Sapere se una scarpa è troppo piccola non consiste solo nel verificare se "ci entra". Una scarpa può entrare e, comunque, risultare corta, stretta o bassa in zone chiave come la punta, il collo o il tallone. E quando questo succede, il piede lo nota.

In questo articolo vedremo i segnali più chiari per identificarlo, come verificare se la taglia è corretta e cosa controllare prima di tenere un paio.

Come capire se una scarpa è troppo piccola

Una scarpa è troppo piccola quando limita il piede più del ragionevole in qualcuna delle sue dimensioni: lunghezza, larghezza o altezza interna. Cioè, non solo quando le dita urtano in fondo.

A volte il problema è nella punta, perché non lascia spazio sufficiente alle dita. Altre volte è nel collo del piede, che sente troppa pressione camminando. E in altre, il tallone resta così incastrato da generare attrito, rigidità o disagio costante.

La chiave non è solo se la scarpa "stringe", ma se il piede può starci dentro con naturalezza. Camminare, appoggiarsi, piegare leggermente le dita e muoverti senza sensazione di costrizione dovrebbe essere la normalità. Quando questo non succede, conviene controllare bene prima di assumere che "andrà bene col tempo".

Segnali che una scarpa è troppo piccola

Dita strette, sfregamenti e vesciche

Uno dei segnali più chiari è notare le dita compresse, unite o senza spazio per disporsi normalmente. Non serve che ci sia dolore intenso fin dall'inizio. A volte basta quella sensazione di avere la parte anteriore del piede troppo chiusa.

Questo solitamente si traduce in sfregamenti sui lati delle dita, vesciche, pelle irritata o fastidi che compaiono dopo un po' camminando. Può anche succedere che il piede non faccia male provando la scarpa, ma sì dopo averla usata per qualche ora.

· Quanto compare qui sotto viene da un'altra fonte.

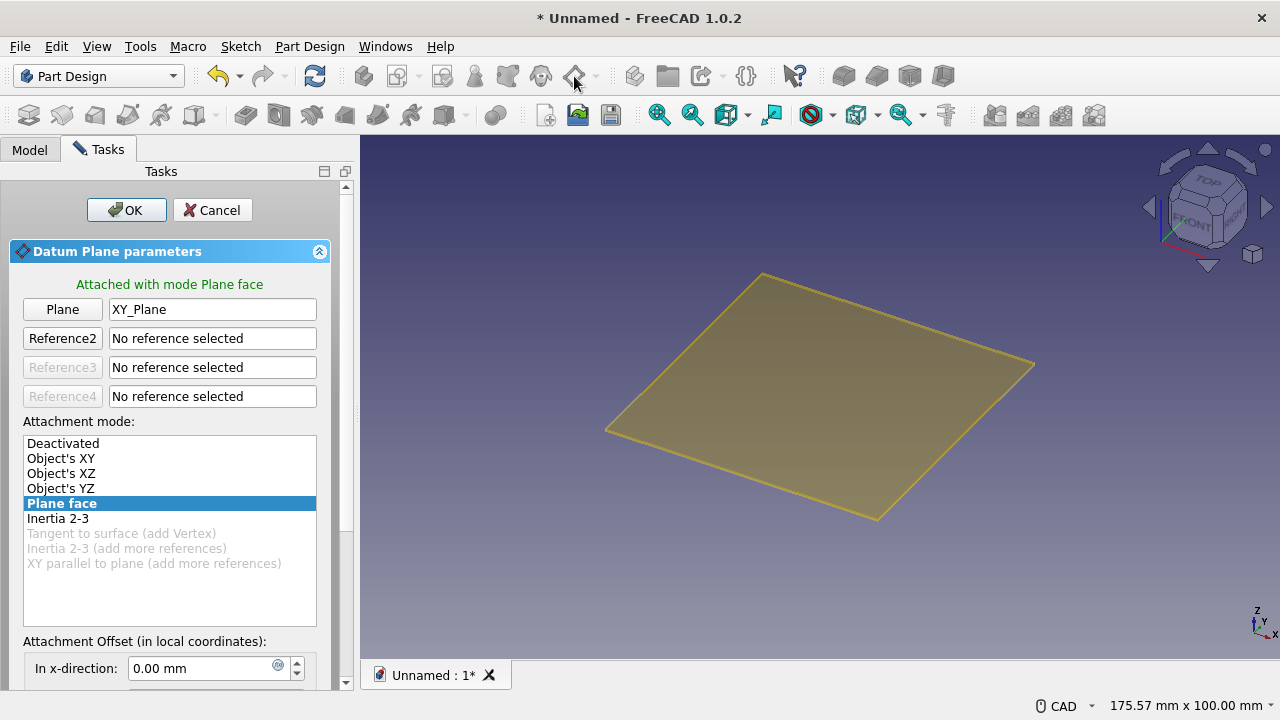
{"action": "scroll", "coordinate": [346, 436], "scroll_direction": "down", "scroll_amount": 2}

Quando la punta non accompagna la forma reale del piede, il problema non è sempre solo la lunghezza. Molte volte la scarpa sembra della tua taglia, ma la forma anteriore non dà lo spazio di cui hai bisogno.

Unghie fastidiose, segni e pressione sulla punta

Se togliendoti le scarpe noti segni sulla parte superiore delle dita, pressione sulle unghie o fastidio sulla punta, conviene fare attenzione. Quella sensazione che l'alluce o il secondo dito "tocchino sopra" o "battano davanti" non è un buon segno.

È anche frequente notare che le unghie danno fastidio scendendo discese, camminando velocemente o passando diverse ore in piedi. In questi casi, può darsi che la scarpa sia corta, ma può anche essere che la punta sia troppo bassa o rigida.

Non tutto si riduce al fatto che ci sia o meno spazio davanti per un dito. Il piede ha bisogno di spazio anche in altezza e in forma.

Dolore camminando o sensazione di piede incastrato

Un'altra pista molto tipica è camminare con la sensazione che il piede vada troppo contenuto, come se non potesse muoversi normalmente dentro la scarpa. A volte non si descrive come dolore, ma come pressione costante, stanchezza strana o necessità di togliersele il prima possibile.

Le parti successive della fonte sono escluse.